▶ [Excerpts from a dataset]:
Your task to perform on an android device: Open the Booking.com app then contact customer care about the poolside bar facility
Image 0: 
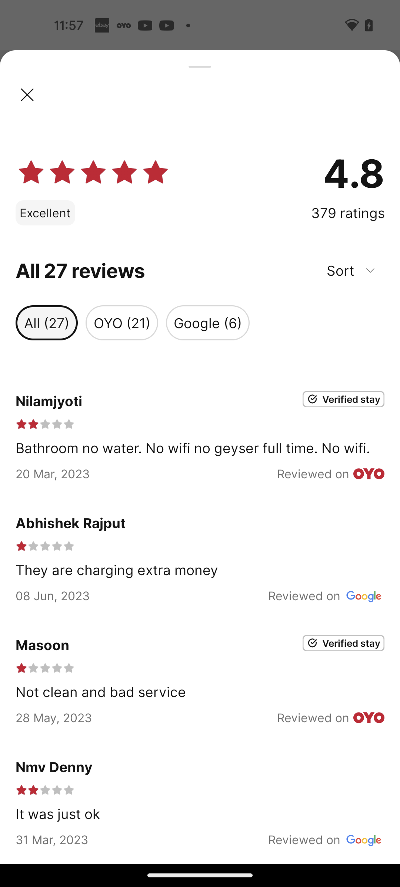
Open booking.com app
Step 0: open app "Booking.com"
Image 1: 
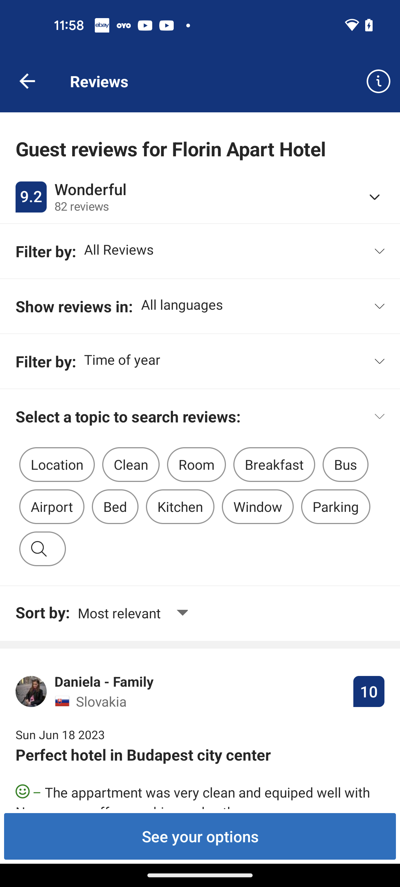
Go back to the previous page
Step 1: press back button
Image 2: 
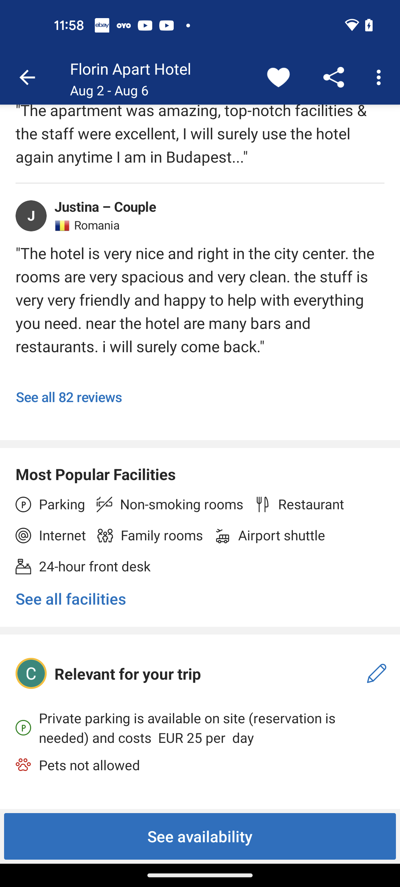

▶ [Try it]: Pictures are to be omitted; otherwise, write out the data exactly as it appears.

▶ [Response to this task]:
Your task to perform on an android device: Open the Booking.com app then contact customer care about the poolside bar facility
Image 0: 
Open booking.com app
Step 0: open app "Booking.com"
Image 1: 
Go back to the previous page
Step 1: press back button
Image 2: 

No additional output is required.